Exercise instructions »
Set down each line of the listing below exactly as it is written.

Dataset »
+===+

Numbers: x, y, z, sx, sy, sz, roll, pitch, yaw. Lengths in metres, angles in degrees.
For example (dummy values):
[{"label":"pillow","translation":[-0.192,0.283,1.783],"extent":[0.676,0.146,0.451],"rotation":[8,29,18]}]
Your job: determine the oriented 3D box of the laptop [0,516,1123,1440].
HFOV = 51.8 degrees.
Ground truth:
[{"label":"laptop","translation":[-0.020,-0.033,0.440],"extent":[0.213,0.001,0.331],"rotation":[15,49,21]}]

+===+

Result »
Numbers: x, y, z, sx, sy, sz, roll, pitch, yaw. Lengths in metres, angles in degrees.
For example (dummy values):
[{"label":"pillow","translation":[-0.192,0.283,1.783],"extent":[0.676,0.146,0.451],"rotation":[8,29,18]}]
Your job: determine the oriented 3D box of the laptop [0,516,1123,1440].
HFOV = 51.8 degrees.
Ground truth:
[{"label":"laptop","translation":[-0.020,-0.033,0.440],"extent":[0.213,0.001,0.331],"rotation":[15,49,21]}]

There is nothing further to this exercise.